R – Aristides, deposto em 1991 pelo governo estadunidense republicano, voltou ao governo, em 1994, devido à intervenção patrocinada pelos democratas, de novo no poder. A intervenção no Haiti, em 2002, foi novamente uma ação republicana, sob a presidência de Bush 2º, que contou com a oposição dos democratas, sobretudo da burguesia e intelectualidade negra desse partido, muito forte. Atualmente, no governo dos EUA encontram-se democratas negros. Se associamos isto à tradição imperialista, compreenderemos o enorme ativismo dos EUA em um viés notadamente militarista. Cuba manda médicos e remédios. Os EUA, porta-aviões e marines de fuzis embalados!

Não é certo ainda o que os democratas e Obama pretendem para o Haiti. Talvez sequer eles saibam precisamente o que fazer com o sofrido país, nos seus detalhes, devido ao caráter inesperado da crise. Há, porém, elementos claros. A ocupação militar do país, com tropas infinitamente maiores às da ONU, deixa claro que, nessa região, é o imperialismo dos EUA que manda. Um movimento que se associa ao retorno dos EUA à América Central e do Sul, expresso no golpe de Estado em Honduras, nas bases militares na Colômbia etc.. O governo Obama teme igualmente imigração maciça clandestina de haitianos para os EUA. Ficaria muito feio, sobretudo para um presidente negro, com raízes paternas africanas, prender em campos de concentração a população negra haitiana! É melhor que fiquem no país, morrendo de fome!
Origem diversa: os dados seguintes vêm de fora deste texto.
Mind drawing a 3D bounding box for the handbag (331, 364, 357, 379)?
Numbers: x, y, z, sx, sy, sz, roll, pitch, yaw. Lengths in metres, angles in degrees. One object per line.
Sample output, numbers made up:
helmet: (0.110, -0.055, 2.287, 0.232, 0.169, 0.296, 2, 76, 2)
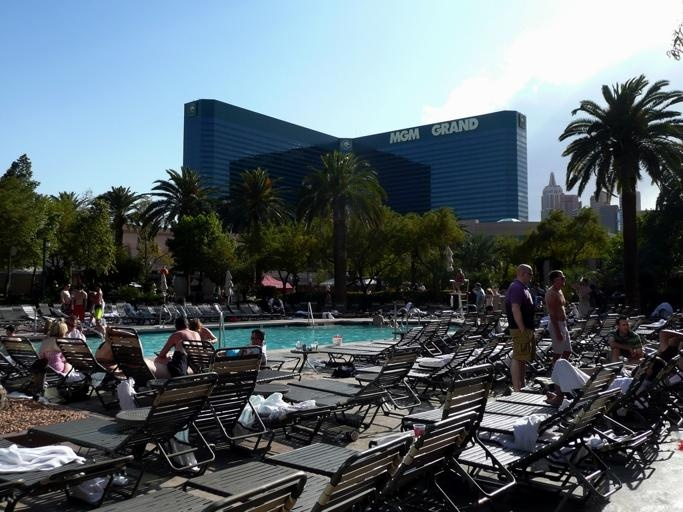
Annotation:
handbag: (0.081, 2.241, 11.524, 0.393, 0.241, 0.549, -8, -7, 6)

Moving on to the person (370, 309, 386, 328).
person: (1.845, 3.097, 28.985, 0.713, 1.111, 1.142, 3, 0, 2)

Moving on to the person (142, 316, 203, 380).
person: (-2.568, 1.422, 8.966, 0.604, 1.019, 0.790, 1, -11, 24)

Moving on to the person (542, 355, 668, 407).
person: (2.960, 1.476, 7.256, 0.855, 0.546, 0.761, 7, -17, -43)

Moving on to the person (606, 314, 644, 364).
person: (4.766, 1.452, 9.871, 0.688, 0.860, 0.610, -2, 2, -30)

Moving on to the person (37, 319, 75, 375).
person: (-4.695, 1.501, 9.851, 0.501, 0.866, 0.613, 7, 5, 43)
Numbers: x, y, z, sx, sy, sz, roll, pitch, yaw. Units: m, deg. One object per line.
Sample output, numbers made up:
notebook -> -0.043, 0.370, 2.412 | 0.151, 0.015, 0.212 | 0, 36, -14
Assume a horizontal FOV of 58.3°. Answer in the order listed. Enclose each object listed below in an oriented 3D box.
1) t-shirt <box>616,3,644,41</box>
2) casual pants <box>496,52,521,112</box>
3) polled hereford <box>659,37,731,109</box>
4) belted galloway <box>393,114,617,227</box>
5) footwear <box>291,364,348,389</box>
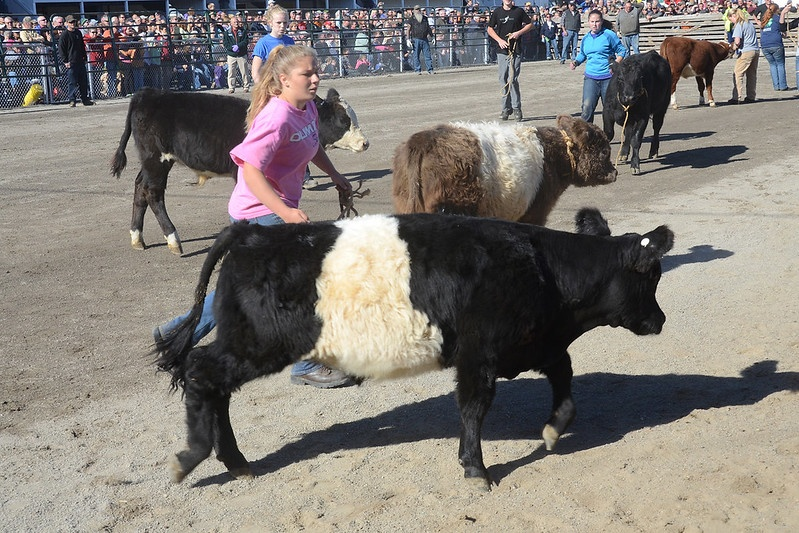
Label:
t-shirt -> 7.142, -7.664, 22.386 | 0.622, 0.997, 0.978 | 3, 18, 15
casual pants -> 2.539, -4.221, 16.525 | 0.463, 1.335, 0.884 | 0, 18, 7
polled hereford -> 7.761, -4.966, 18.507 | 2.314, 1.779, 0.666 | -6, 9, -21
belted galloway -> 1.099, -1.013, 7.603 | 2.631, 1.453, 0.929 | -6, 11, -27
footwear -> -0.644, 0.907, 5.976 | 0.521, 0.270, 0.208 | -1, 9, 6
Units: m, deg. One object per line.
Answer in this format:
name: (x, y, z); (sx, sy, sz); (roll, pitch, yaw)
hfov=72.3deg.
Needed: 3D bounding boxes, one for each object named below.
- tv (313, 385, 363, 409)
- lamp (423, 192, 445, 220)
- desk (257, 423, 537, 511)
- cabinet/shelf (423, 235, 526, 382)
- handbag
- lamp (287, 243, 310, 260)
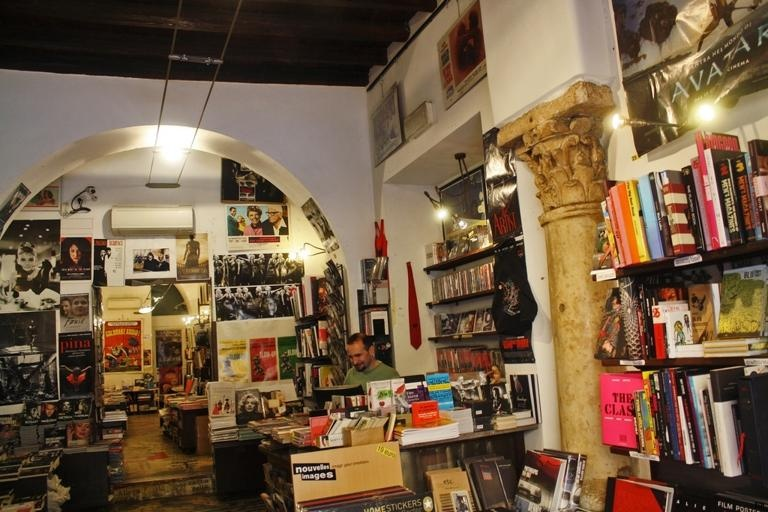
tv: (-0.460, 1.442, 5.389); (0.482, 0.115, 0.472); (2, -7, -29)
lamp: (0.751, -0.720, 7.538); (0.101, 0.237, 0.438); (-32, 41, -11)
desk: (0.055, 1.951, 4.610); (2.564, 0.726, 1.344); (-5, -9, 14)
cabinet/shelf: (1.083, 0.638, 6.183); (0.452, 1.416, 1.514); (6, -17, -22)
handbag: (1.270, 0.335, 5.178); (0.166, 0.894, 0.518); (2, -10, -28)
lamp: (-1.617, -0.079, 10.073); (0.423, 0.366, 0.236); (2, -5, 7)
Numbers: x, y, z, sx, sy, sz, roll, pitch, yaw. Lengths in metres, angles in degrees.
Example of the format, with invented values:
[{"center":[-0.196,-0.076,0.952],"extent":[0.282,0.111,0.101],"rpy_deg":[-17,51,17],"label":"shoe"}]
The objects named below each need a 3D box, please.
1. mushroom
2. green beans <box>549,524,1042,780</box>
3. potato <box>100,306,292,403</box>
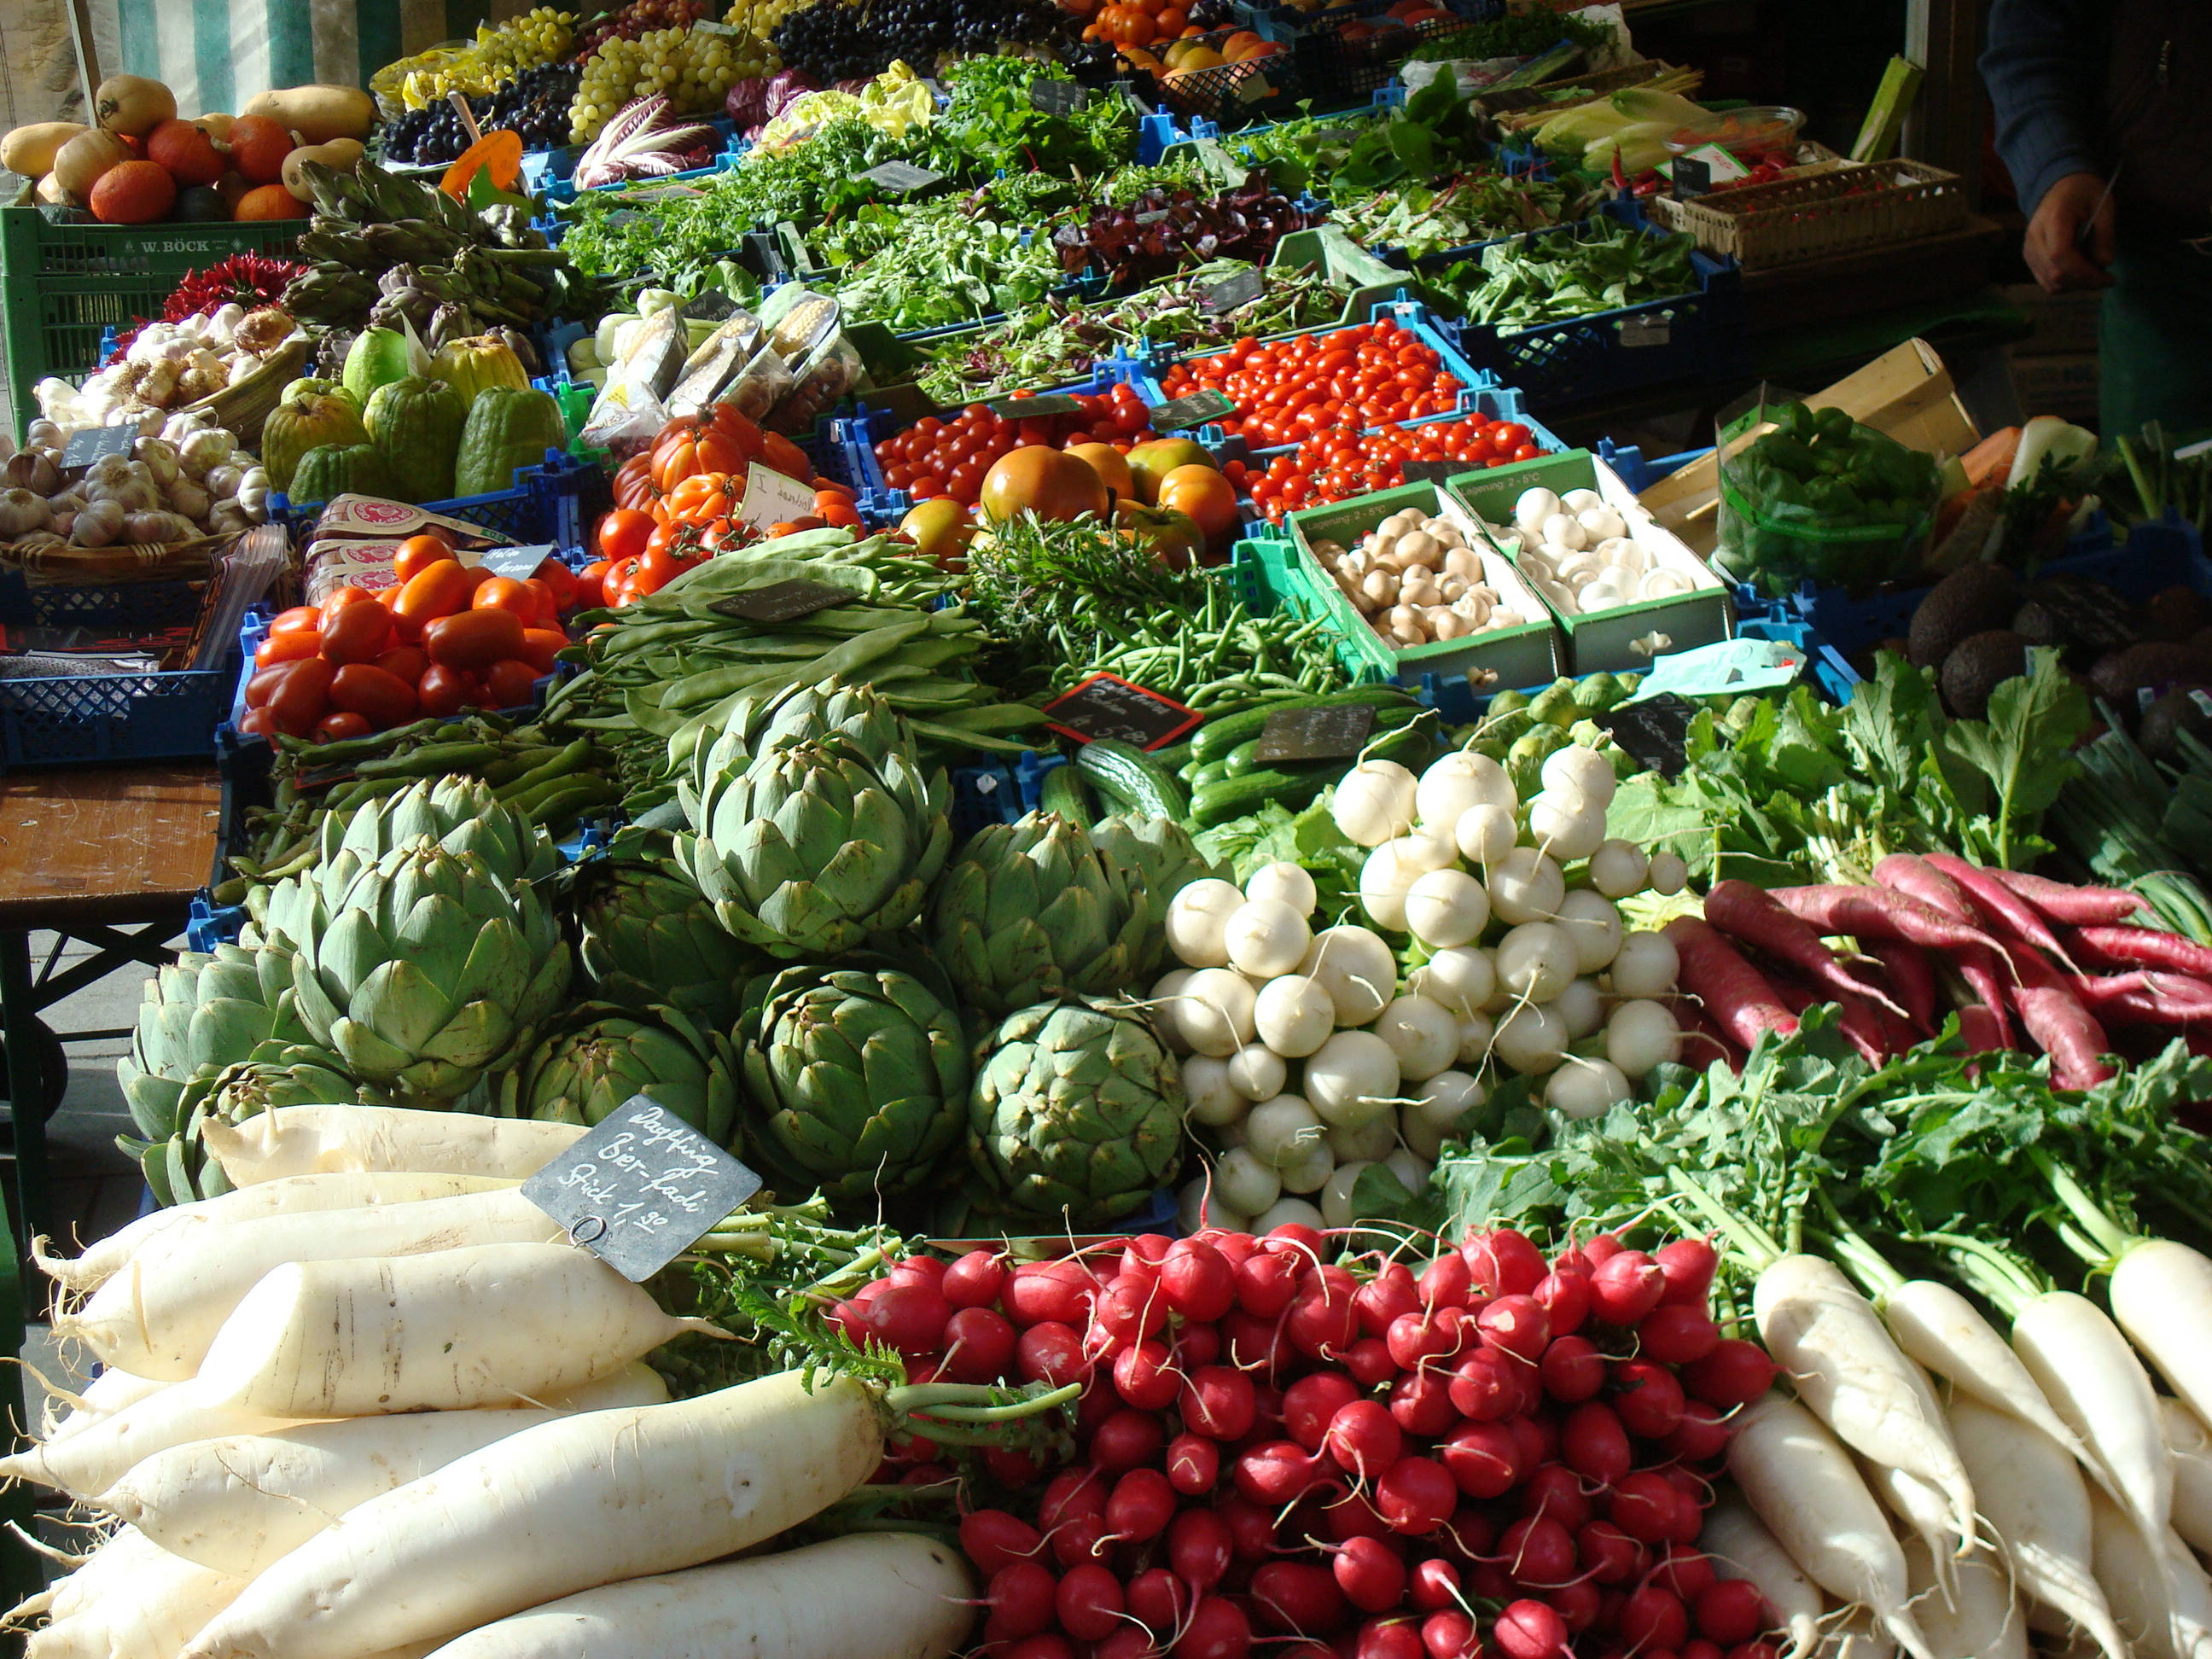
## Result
[{"center":[0.872,-0.567,3.896],"extent":[0.729,0.196,0.729],"rpy_deg":[-8,23,-7],"label":"mushroom"},{"center":[-0.628,-0.363,3.516],"extent":[0.693,0.222,0.601],"rpy_deg":[1,34,3],"label":"green beans"},{"center":[-2.938,-1.583,5.898],"extent":[0.546,0.178,0.565],"rpy_deg":[-21,29,5],"label":"potato"}]
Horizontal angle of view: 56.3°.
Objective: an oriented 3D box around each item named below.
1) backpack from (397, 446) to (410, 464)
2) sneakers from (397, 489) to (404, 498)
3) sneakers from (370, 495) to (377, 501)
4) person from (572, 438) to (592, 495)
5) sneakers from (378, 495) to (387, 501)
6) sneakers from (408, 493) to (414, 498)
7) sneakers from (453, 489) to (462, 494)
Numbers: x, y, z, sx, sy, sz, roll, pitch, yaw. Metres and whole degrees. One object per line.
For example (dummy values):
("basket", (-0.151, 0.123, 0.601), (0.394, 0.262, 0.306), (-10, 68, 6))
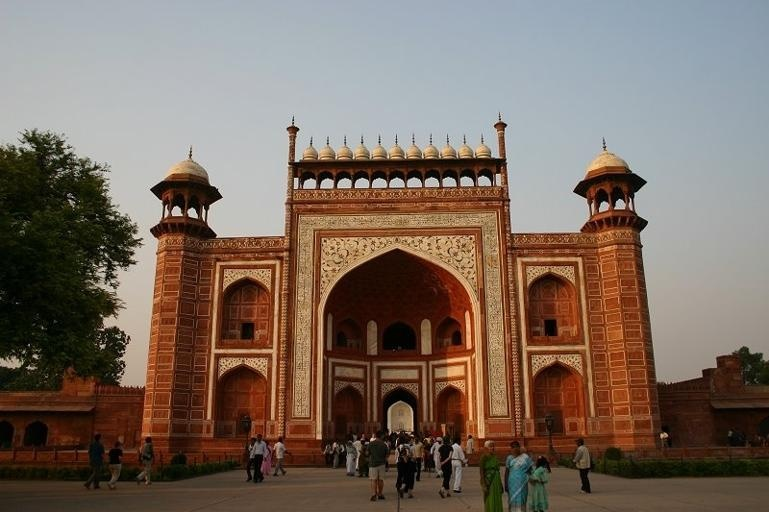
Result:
("backpack", (0.517, 5.064, 18.372), (0.340, 0.439, 0.425), (-1, -2, 4))
("sneakers", (0.421, 6.020, 18.183), (0.223, 0.289, 0.079), (-2, 6, 4))
("sneakers", (-0.254, 5.993, 17.700), (0.101, 0.150, 0.158), (2, -40, -2))
("person", (5.242, 5.530, 18.982), (0.406, 1.424, 1.308), (-5, -19, 13))
("sneakers", (-0.034, 6.024, 17.869), (0.102, 0.108, 0.285), (2, -28, -3))
("sneakers", (0.701, 6.112, 18.299), (0.143, 0.131, 0.074), (2, -26, -7))
("sneakers", (1.931, 6.204, 18.881), (0.200, 0.078, 0.065), (-3, -5, 14))
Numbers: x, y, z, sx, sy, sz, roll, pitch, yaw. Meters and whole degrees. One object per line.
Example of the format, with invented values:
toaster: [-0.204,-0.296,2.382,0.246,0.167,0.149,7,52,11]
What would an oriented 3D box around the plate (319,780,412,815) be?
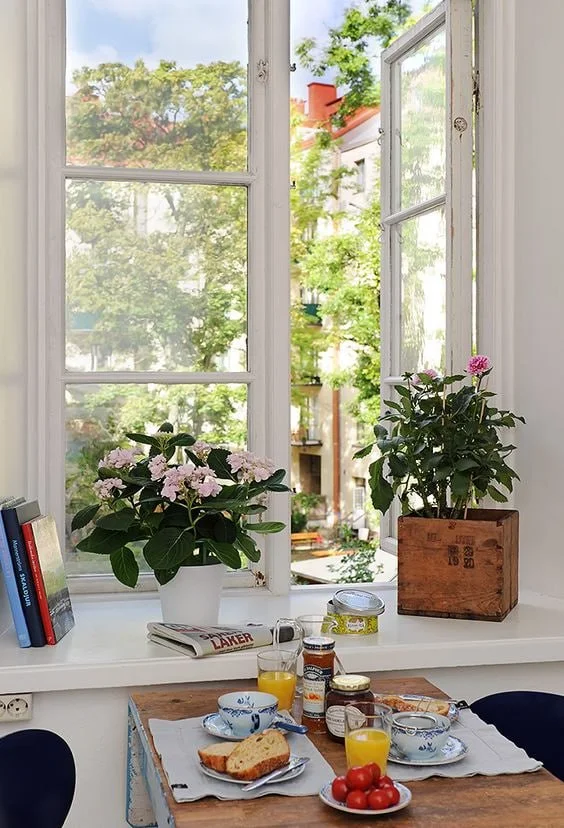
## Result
plate: [0.100,0.456,1.025,0.111,0.026,0.089,0,3,3]

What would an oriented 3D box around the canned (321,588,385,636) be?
canned: [0.141,0.396,1.780,0.131,0.072,0.116,-1,5,1]

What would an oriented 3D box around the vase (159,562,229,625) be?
vase: [-0.166,0.371,1.785,0.110,0.141,0.150,2,4,42]

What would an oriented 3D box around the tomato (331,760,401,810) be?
tomato: [0.097,0.428,1.017,0.053,0.024,0.051,2,-2,15]

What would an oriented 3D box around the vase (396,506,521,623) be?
vase: [0.369,0.306,1.882,0.247,0.205,0.249,0,1,3]

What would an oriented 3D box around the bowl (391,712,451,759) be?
bowl: [0.182,0.426,1.152,0.077,0.043,0.074,1,0,0]

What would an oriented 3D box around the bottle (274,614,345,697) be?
bottle: [0.036,0.383,1.389,0.106,0.105,0.066,12,-32,-28]

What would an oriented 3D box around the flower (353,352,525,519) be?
flower: [0.369,0.056,1.951,0.361,0.360,0.334,4,-13,-5]

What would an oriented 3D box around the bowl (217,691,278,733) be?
bowl: [-0.052,0.410,1.203,0.063,0.035,0.063,1,1,0]

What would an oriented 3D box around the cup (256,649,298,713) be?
cup: [-0.007,0.411,1.311,0.054,0.072,0.051,-12,-16,-4]

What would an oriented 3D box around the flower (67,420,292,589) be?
flower: [-0.225,0.186,1.879,0.463,0.235,0.415,-16,16,-40]
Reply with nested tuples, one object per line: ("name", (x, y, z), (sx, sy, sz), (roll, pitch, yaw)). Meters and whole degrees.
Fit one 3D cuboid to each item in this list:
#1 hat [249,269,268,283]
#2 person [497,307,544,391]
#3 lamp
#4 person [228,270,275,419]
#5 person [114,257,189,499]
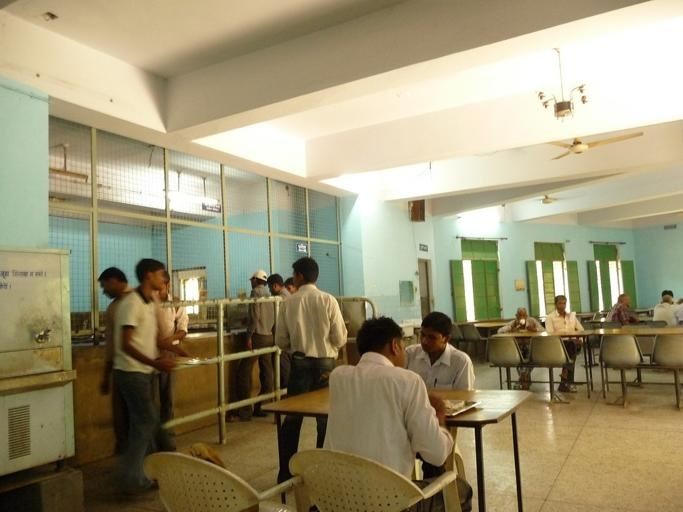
("hat", (-1.199, 0.286, 7.890), (0.212, 0.118, 0.161), (12, 1, -8))
("person", (3.216, 1.547, 9.627), (0.642, 1.173, 0.446), (-5, 9, 22))
("lamp", (2.778, -2.225, 6.873), (0.588, 0.833, 0.546), (-11, 5, -24))
("person", (-1.155, 1.255, 7.233), (0.530, 1.770, 1.006), (-2, 1, -11))
("person", (-1.772, 1.074, 4.824), (0.462, 2.083, 0.825), (-2, 1, -24))

Hoje, na região, para os EUA, o grande problema a ser resolvido é a Venezuela. Certamente teremos novas bases militares dos EUA no Haiti, região estratégica, e muito barata! Os EUA chegaram no Haiti para ficar, por muito tempo, no mínimo.

P – Já se começam a ouvir algumas vozes falando em reconstrução do Haiti. Quais os riscos que trazem as reconstruções depois de tragédias naturais, e o que o senhor acha que pode ocorrer no Haiti?

R – A grande imprensa do Brasil, com destaque para a Globo, retoma a proposta internacional sobre o Haiti como Estado falido. Ou seja, nação incapaz de se organizar e reger por si só, tendo que ser monitorada, para seu bem. Como está ocorrendo agora! Uma volta aos tempos dos protetorados. A reconstrução pode constituir balão de ensaio para gestão não nacional de territórios, por órgãos internacionais, não-estatais etc. Para tal, seria importante por fim à capital, na sua dimensão metropolitana, centro de expressão e pressão popular.

Não podemos esquecer que as grandes catástrofes são os melhores momentos para o grande capital realizar reorganizações estruturais de populações e recursos, devido à fragilidade das populações e enfraquecimento das suas organizações. Nuvens terríveis cobrem os horizontes do povo haitiano. Os trabalhadores e todos os homens e mulheres de bem do país devem se mobilizar contra isso. A primeira exigência deve ser a imediata e incondicional saída das tropas militares de ocupação brasileira do Haiti, substituídas por médicos, enfermeiros, engenheiros e agrônomos. Que a bandeira brasileira não siga servindo de mortalha a esse povo! Temos que ajudar a plantar a vida, não a morte, nesse país glorioso. Se o Nélson Jobim quiser voltar fantasiado ao país sofrido, que seja de médico!

24/1/2010

Fonte: ViaPolítica/Brasil De Fato/Mário Maestri

Mário Maestri, 61, colaborador permanente de ViaPolítica, é historiador da escravidão colonial e professor do PPGH da Universidade Passo Fundo (UPF).